Как это ни удивительно, но мне удавалось выкидывать эти неудачи из головы, словно мои сексуальные фальстарты на самом деле не имели значения. Имели. Это было хуже всего. Следовало признать, что завершение каждой из этих связей, пусть и мучительное, приносило мне облегчение. Я с ужасом осознал, что то же самое можно сказать даже о Жанет, с которой я каждую ночь равнодушно делил холодную постель, делая вид, что времена, полные страсти, остались в прошлом. Но это было не так. Ночь за ночью (а в последнее время все реже, поскольку я проводил ночи вне дома) я лежал бок о бок с этой хорошенькой и бесконечно снисходительной молодой женщиной, не позволяя себе ничего большего, чем погладить ей ручку и, пожелав спокойной ночи, поцеловать в лобик. Сон всегда казался потребностью более насущной, чем желание. Я помнил, что она не раз робко поддразнивала меня на этот счет. Я оправдывался, она проявляла терпение. Но вот чаша переполнилась.
— А ты знаешь, в чем все дело, Джон? В этом мальчишке.
— В мальчишке?..
— Не делай вид, будто не понимаешь. Я говорю о Саймоне. О его фильмах. Они тебя отравляют. Я вижу, как это происходит. Так много гадости, уродства. Для тебя это чересчур. Что, не так?
Ее слова перекликались с тем, что много лет назад говорила Клер: фильмы Касла полны зла. Я не принял ее предостережения всерьез. Я не сомневался: мне по силам справиться с их вредным воздействием, в особенности еще и потому, что я ведь знал об их назначении. Но если Жанет права, говоря про Париж (а я знал, что она права), то мне не удалось себя защитить. Фильмы, воздействию которых я так долго подвергался (триллеры Касла, нигилистические кошмары Саймона Данкла), сделали свое дело.

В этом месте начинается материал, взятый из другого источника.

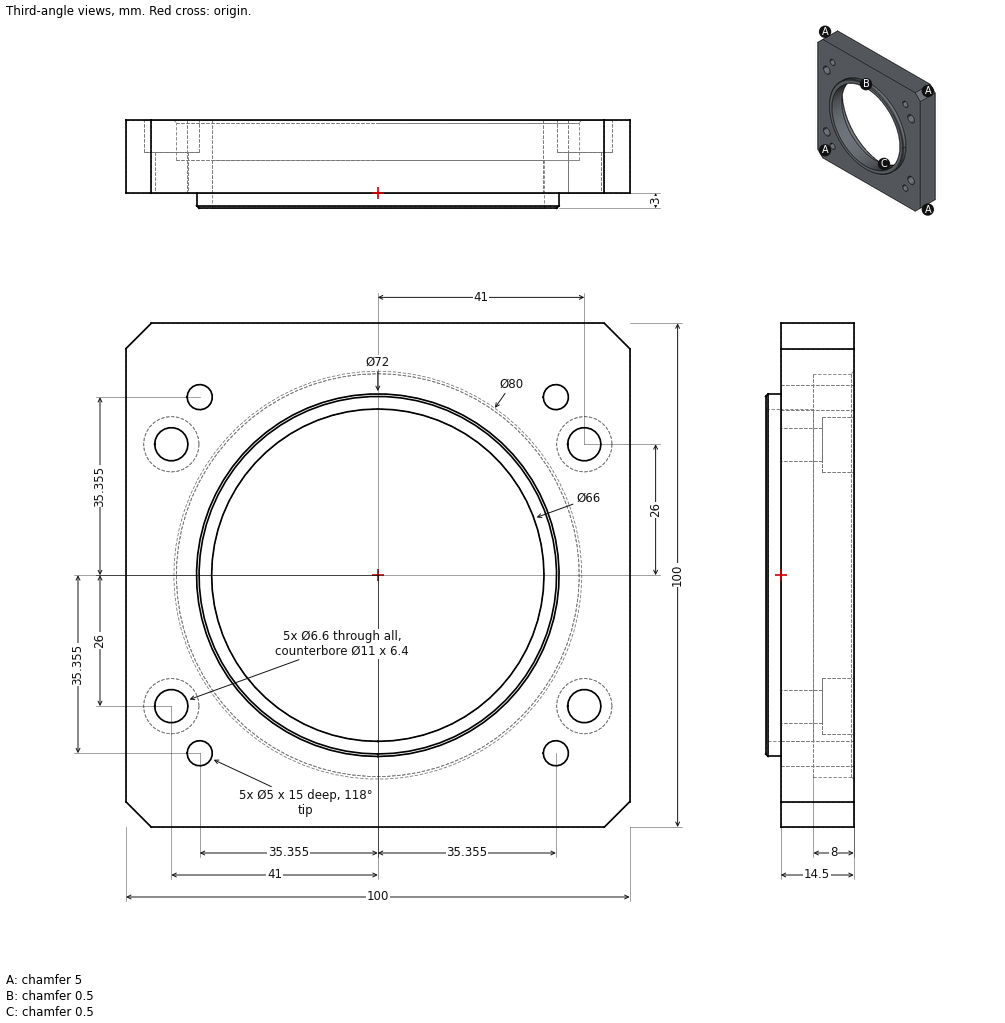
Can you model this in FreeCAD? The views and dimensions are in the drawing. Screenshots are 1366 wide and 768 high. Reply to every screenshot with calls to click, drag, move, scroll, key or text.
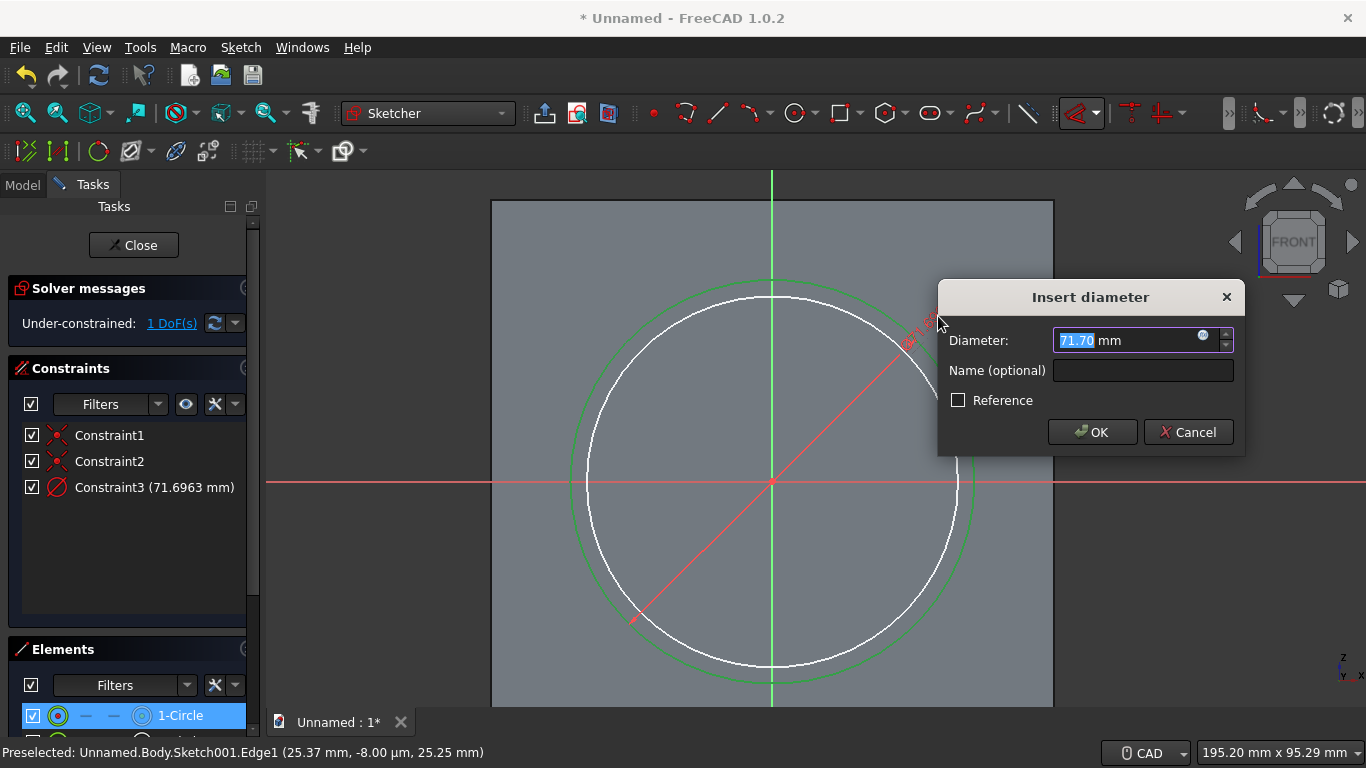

Если снять напластованные одно на другое упрямые отрицания, то мне ясно вспоминался лишь один истинный сексуальный позыв за прошедшие несколько лет: противоестественные упражнения с Ольгой Телл в Амстердаме. Я мог бы и дальше отрицать этот факт. Я мог бы выставить Жанет за дверь и еще раз заделать бреши в своей психологической обороне. Но этот разговор происходил три дня спустя после того, как Саймон познакомил меня с «детьми канализации».
Полностью фильм назывался так: «Одинокая любовная песня грустных детей канализации». Прежде Саймон не показывал мне незаконченных работ. Но завершить этот фильм, по его словам, ему не удастся, может быть, еще несколько лет из-за определенных технических трудностей — таинственное замечание, которое он произнес так, будто выдавал военную тайну. Тем не менее он словно горел желанием показать мне отснятый материал. Частично он делал это из озорства. Саймон показывал мне этот фильм так, как мальчишки рассказывают всякие мерзости, проверяя друг друга на вшивость и крепость желудка. Но за этим стояло и еще кое-что. Казалось, профессиональное тщеславие заставляло Саймона что-то мне доказывать. Он хотел продемонстрировать, каким «хорошим» может быть «плохой» фильм, — иначе говоря, насколько серьезным может быть послание, завернутое в дешевенькую обертку его маленьких страшилок. И я соответственно подготовился к очередной бойне, крови и ужасу, но обнаружилось, что меня провели. «Дети канализации» оказывали иное, более тревожное воздействие. Никакого тебе насилия, никаких психованных драчунов или каннибальских банд. И никакого бьющего по ушам звукового сопровождения. Вместо всего этого — неторопливый спуск в глубины полного отчаяния.